[DATA FOR THE TASK — start]

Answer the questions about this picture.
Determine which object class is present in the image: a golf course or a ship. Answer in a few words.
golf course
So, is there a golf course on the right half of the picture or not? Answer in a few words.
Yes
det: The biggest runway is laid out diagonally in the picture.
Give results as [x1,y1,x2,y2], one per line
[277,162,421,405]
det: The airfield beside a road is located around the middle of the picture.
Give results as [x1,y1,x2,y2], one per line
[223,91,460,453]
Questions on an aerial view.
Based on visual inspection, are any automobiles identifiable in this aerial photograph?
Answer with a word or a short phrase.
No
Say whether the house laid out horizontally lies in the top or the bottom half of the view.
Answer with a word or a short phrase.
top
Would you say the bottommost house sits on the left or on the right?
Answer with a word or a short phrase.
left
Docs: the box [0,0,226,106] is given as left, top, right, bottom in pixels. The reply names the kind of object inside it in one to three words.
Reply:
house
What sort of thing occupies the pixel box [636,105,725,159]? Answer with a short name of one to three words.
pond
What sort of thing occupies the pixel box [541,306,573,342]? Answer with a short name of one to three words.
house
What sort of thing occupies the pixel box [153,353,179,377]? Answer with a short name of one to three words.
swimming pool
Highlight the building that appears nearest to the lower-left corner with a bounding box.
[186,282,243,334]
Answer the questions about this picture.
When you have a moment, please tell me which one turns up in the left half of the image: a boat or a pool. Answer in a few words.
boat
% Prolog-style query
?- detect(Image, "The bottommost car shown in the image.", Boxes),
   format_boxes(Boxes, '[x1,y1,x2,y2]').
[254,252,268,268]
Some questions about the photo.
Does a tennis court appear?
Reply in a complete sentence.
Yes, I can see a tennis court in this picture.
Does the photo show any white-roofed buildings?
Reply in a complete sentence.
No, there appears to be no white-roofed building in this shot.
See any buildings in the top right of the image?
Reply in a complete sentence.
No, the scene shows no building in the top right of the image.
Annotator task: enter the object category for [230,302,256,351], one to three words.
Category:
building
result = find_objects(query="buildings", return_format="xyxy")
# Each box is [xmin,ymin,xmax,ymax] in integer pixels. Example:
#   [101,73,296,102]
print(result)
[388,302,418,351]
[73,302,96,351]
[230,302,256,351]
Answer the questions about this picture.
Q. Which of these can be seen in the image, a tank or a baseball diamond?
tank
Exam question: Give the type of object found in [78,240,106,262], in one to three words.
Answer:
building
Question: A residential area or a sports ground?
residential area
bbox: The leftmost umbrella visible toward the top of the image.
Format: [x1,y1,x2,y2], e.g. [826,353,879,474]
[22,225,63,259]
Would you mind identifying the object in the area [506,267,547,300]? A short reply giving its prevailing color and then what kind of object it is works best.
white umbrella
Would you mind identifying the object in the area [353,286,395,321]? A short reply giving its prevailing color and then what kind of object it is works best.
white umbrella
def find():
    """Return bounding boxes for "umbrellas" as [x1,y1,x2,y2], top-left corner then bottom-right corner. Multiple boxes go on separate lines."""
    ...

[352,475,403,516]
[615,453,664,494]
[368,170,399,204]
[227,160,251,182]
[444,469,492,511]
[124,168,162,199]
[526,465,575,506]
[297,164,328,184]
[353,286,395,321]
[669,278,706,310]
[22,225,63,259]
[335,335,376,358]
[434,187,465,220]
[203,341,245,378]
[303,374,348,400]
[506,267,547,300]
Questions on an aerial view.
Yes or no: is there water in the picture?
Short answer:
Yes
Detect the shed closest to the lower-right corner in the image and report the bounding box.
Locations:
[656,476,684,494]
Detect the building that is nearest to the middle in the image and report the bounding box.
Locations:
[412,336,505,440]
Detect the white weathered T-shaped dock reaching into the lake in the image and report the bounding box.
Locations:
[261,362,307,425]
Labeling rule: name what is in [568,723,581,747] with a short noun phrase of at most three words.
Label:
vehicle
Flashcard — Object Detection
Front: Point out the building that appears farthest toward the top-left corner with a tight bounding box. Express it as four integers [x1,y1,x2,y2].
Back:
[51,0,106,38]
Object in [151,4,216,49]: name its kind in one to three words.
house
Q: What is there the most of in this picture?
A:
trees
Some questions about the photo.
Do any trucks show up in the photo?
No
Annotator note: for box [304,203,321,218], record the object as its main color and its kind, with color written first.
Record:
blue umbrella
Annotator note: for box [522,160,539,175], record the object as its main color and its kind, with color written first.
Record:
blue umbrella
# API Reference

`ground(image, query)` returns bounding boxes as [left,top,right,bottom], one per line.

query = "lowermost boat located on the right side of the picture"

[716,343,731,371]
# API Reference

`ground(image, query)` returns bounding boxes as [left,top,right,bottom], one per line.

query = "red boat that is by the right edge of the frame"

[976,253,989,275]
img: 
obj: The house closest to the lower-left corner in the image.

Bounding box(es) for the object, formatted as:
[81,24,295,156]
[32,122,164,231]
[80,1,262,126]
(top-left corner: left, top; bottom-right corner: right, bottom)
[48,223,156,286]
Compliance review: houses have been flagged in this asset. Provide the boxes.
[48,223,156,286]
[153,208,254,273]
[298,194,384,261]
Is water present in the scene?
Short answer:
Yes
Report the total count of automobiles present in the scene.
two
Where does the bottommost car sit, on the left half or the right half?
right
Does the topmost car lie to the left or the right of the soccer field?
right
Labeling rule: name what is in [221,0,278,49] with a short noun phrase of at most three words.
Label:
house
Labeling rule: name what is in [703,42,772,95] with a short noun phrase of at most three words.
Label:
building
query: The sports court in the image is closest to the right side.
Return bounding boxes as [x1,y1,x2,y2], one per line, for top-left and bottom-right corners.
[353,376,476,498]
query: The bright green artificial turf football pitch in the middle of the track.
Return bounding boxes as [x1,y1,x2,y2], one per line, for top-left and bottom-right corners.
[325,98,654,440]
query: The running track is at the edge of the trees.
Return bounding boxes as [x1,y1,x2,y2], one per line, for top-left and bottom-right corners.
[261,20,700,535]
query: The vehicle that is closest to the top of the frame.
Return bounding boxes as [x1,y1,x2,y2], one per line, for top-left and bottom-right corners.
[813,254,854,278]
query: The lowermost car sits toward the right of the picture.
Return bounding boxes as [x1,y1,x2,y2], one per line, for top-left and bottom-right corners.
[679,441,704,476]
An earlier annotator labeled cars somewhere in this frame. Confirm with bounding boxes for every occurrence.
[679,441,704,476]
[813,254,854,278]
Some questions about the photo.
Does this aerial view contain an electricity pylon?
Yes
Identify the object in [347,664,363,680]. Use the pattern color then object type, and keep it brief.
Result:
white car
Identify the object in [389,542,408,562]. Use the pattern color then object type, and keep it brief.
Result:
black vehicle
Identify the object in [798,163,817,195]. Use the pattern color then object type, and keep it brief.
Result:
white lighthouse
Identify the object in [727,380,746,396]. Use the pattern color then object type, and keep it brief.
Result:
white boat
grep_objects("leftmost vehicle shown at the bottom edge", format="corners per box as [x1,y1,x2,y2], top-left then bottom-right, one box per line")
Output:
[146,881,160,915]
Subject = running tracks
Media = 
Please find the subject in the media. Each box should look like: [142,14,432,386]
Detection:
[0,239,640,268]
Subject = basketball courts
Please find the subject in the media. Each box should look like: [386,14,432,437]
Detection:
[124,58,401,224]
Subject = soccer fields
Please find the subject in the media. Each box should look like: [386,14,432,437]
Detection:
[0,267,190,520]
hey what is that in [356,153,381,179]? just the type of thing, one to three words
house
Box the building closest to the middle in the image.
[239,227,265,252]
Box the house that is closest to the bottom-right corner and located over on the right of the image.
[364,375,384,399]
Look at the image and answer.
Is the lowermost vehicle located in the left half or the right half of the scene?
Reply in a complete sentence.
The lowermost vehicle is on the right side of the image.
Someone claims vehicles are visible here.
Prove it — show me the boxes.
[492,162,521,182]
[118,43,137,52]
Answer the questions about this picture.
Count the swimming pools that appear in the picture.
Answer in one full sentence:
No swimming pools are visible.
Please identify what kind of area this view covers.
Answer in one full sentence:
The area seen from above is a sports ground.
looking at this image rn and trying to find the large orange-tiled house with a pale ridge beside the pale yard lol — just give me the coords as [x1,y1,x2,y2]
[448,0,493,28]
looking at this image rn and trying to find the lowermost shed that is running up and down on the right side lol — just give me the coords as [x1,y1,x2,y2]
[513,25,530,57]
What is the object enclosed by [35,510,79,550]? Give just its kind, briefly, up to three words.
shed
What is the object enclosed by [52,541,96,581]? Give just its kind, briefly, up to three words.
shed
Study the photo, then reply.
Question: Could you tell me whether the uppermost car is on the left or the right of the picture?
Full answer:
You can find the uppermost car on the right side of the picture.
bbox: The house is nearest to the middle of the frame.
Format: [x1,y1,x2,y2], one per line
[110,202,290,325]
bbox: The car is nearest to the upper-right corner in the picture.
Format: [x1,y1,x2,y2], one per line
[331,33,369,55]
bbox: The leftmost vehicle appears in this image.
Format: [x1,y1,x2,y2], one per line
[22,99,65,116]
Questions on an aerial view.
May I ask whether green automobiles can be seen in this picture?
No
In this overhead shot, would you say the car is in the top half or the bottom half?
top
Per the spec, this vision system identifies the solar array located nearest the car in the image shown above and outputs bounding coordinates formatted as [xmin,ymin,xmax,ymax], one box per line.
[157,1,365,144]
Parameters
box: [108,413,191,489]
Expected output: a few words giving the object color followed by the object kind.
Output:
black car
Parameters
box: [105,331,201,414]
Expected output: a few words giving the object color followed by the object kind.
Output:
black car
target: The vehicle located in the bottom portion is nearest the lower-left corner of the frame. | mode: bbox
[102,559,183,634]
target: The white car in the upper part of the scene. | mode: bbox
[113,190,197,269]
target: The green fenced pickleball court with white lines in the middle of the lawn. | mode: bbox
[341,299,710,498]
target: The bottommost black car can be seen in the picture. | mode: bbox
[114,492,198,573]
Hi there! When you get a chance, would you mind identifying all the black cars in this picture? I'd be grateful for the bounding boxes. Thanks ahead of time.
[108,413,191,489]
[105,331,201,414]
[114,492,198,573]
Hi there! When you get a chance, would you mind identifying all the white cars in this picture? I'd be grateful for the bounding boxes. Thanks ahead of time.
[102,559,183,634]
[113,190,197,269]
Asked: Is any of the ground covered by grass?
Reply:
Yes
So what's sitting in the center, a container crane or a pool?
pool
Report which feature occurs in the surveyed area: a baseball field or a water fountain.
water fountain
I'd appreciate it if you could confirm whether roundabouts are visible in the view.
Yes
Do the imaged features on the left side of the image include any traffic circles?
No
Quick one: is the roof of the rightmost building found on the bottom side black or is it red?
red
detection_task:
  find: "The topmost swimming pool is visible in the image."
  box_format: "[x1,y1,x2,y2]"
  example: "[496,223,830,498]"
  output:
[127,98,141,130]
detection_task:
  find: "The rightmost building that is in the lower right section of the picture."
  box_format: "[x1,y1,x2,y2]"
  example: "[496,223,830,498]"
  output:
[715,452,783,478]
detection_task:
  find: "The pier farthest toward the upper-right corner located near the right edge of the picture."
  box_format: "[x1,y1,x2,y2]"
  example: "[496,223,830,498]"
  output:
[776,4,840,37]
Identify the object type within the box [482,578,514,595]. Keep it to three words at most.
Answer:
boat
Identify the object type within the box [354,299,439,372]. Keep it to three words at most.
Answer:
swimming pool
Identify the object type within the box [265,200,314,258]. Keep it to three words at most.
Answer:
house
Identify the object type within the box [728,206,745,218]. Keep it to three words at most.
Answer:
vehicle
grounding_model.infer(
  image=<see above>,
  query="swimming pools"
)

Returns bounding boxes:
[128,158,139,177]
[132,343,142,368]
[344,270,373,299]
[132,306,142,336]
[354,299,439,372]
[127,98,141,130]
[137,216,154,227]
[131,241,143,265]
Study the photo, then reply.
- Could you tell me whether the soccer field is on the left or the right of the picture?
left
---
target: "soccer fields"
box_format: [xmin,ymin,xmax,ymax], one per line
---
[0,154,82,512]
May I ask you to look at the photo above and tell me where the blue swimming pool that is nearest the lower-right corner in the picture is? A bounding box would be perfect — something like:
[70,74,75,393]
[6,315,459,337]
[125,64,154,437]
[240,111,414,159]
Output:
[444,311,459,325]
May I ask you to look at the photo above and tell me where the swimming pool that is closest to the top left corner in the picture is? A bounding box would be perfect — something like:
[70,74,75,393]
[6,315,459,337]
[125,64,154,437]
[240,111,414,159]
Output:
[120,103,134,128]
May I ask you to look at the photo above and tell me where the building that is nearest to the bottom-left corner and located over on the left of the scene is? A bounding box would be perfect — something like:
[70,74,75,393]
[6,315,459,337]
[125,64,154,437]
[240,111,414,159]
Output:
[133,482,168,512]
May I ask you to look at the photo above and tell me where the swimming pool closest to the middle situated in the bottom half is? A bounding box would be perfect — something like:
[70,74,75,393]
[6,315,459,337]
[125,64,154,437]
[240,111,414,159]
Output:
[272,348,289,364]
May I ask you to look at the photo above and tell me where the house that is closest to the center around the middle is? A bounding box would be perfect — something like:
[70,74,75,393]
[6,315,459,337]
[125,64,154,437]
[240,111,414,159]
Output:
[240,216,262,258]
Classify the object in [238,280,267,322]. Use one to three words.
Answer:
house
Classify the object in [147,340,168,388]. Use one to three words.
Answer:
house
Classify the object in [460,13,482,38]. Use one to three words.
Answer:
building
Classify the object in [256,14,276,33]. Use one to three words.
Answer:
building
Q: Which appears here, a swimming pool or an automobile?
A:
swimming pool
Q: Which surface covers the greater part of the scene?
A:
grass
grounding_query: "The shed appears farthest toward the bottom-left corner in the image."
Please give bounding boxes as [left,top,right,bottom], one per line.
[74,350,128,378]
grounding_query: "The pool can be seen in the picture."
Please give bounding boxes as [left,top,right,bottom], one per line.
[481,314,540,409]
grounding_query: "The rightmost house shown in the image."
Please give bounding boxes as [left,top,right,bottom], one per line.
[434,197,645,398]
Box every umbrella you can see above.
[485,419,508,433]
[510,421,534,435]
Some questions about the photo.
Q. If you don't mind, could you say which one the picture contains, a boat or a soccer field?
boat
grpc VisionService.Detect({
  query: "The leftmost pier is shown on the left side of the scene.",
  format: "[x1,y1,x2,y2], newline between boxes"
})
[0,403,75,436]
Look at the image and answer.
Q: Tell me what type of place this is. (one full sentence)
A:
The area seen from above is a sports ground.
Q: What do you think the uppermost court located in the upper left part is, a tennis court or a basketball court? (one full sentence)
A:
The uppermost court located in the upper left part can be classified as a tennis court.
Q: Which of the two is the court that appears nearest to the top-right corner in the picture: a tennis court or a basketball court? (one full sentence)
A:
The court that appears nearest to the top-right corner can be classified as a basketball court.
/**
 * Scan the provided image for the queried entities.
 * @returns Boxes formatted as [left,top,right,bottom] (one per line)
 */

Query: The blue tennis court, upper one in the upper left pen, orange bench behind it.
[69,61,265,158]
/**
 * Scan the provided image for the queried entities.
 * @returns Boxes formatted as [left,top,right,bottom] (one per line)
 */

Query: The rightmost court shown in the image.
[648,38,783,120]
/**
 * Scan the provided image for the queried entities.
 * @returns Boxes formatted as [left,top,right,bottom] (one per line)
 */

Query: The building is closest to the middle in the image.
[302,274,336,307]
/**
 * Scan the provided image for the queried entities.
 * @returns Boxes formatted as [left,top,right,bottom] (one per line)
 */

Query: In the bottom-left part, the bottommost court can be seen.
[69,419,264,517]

[DATA FOR THE TASK — finish]

● TO DO
Please work out how many lines of the listing hold the word "written" and reply with only that number.

● YOUR RESPONSE
2